Put the backup-steps in a simple script so that it can run automatically. I would love to be able to use public key authentication with that ssh server. If that does not work, I’ll have to play with modifying the provided “expect” scripts to do what I want.
I also don’t want to just trust the backup to work, especially with the snapshot taken while the VM is running. In theory, the filesystem inside the VM should survive this crash-consistent state but I want to really make sure it does.
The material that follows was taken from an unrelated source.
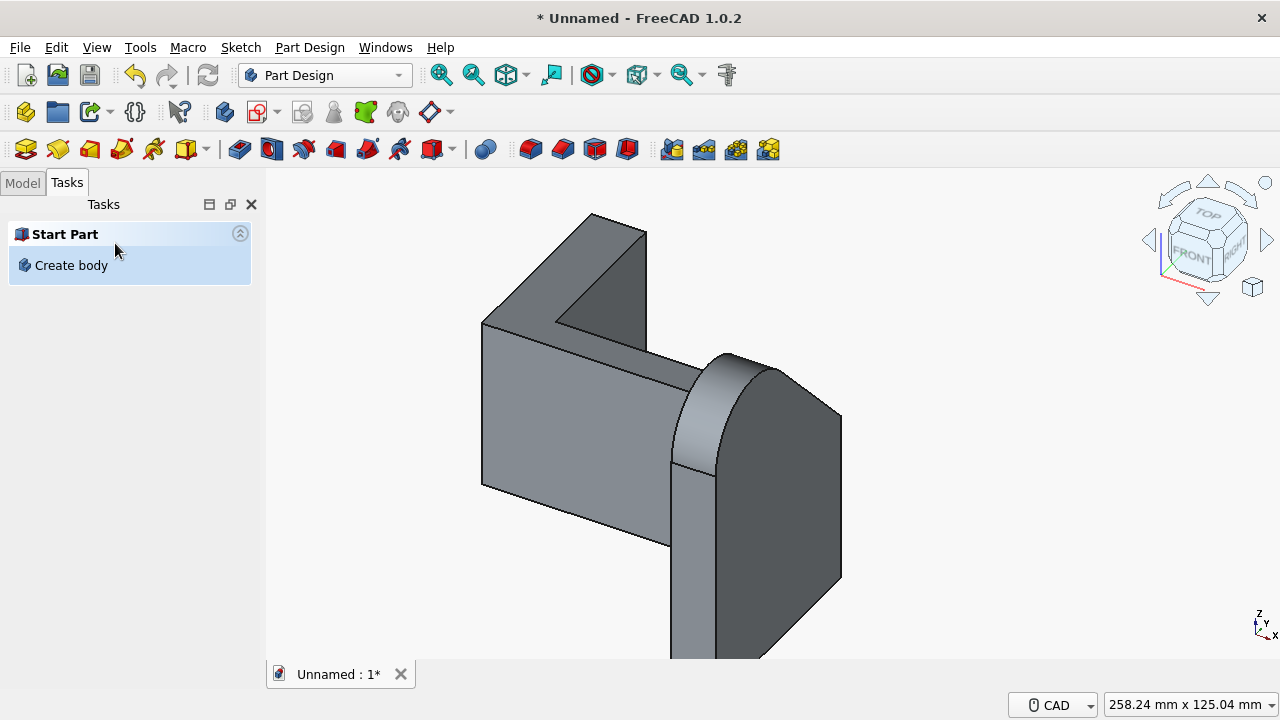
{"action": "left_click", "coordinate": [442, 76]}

Plus, there are a ton of other things that can go wrong. So in addition to automating the backup process I’d like to automate the recovery aswell. The idea is to import the backup back into OVM, change the virtual network to a sandbox and boot the VM. We can then perform a series of basic tests against it to check if all needed services inside the VM come back up the way they should. When this works, we have tested and guaranteed that our backup really works and we also know how long it takes to restore our backup.